Arbeitgeberpräsident Dieter Hundt hatte zuvor in der "NOZ" den Kita-Ausbau als "vorrangig staatliche Aufgabe" bezeichnet und Forderungen nach mehr Anstrengungen auch der Wirtschaft zurückgewiesen. Zugleich wandte sich Hundt gegen die Pläne der Koalition für ein Betreuungsgeld für Eltern, die auf einen Kita-Platz für ihre Kinder verzichten. Das Betreuungsgeld sei grundverkehrt, setze falsche Anreize und sei mit Blick auf die Konsolidierung der Staatsfinanzen nicht zu verantworten, sagte der Arbeitgeber-Präsident.

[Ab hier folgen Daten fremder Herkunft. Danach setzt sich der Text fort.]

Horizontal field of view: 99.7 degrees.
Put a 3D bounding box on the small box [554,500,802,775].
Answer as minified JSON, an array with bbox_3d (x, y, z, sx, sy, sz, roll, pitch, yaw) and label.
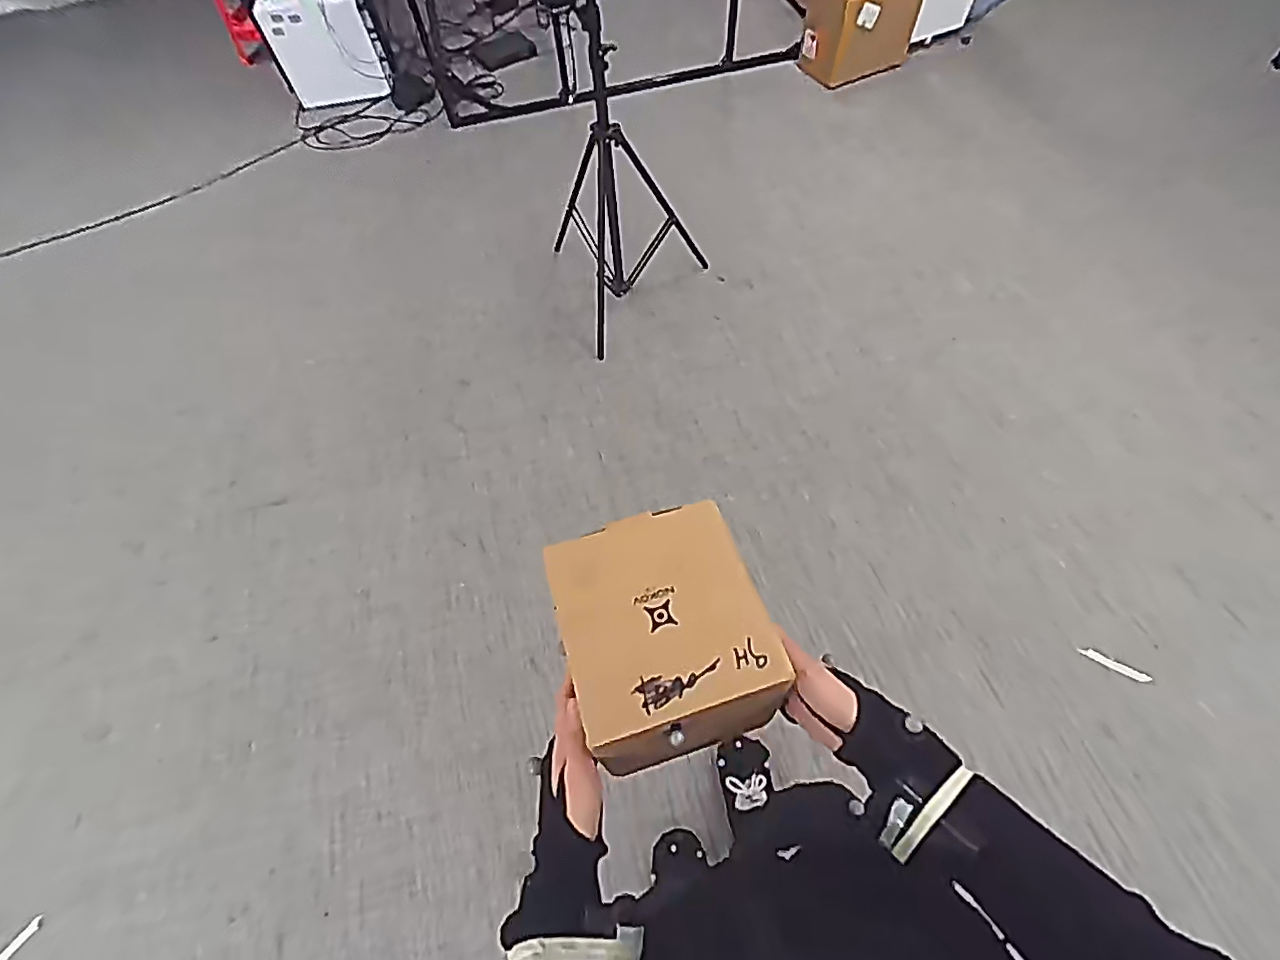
[{"bbox_3d":[0.027,0.151,0.511,0.168,0.176,0.179,-16,55,-7],"label":"small box"}]

Statt Milliarden Euro in das Betreuungsgeld zu stecken, solle Schröder diese Summe in Kitas investieren, verlangte auch der Präsident des Deutschen Kinderschutzbundes, Heinz Hilgers. Er warf der Bundesregierung in der "NOZ" eine "unverantwortliche Politik der Widersprüche" vor.

SPD-Vize Manuela Schwesig wiederholte ebenfalls ihre Forderung, die Mittel für das Betreuungsgeld für den Kita-Ausbau zu verwenden. Sie verlangte im Bayerischen Rundfunk zudem eine bessere Bezahlung für Erzieherinnen. "Es kann nicht sein, dass sie nur so gut bezahlt werden wie zum Beispiel Müllfahrer", kritisierte die SPD-Politikerin. Dies werde dem pädagogischen Anspruch nicht gerecht.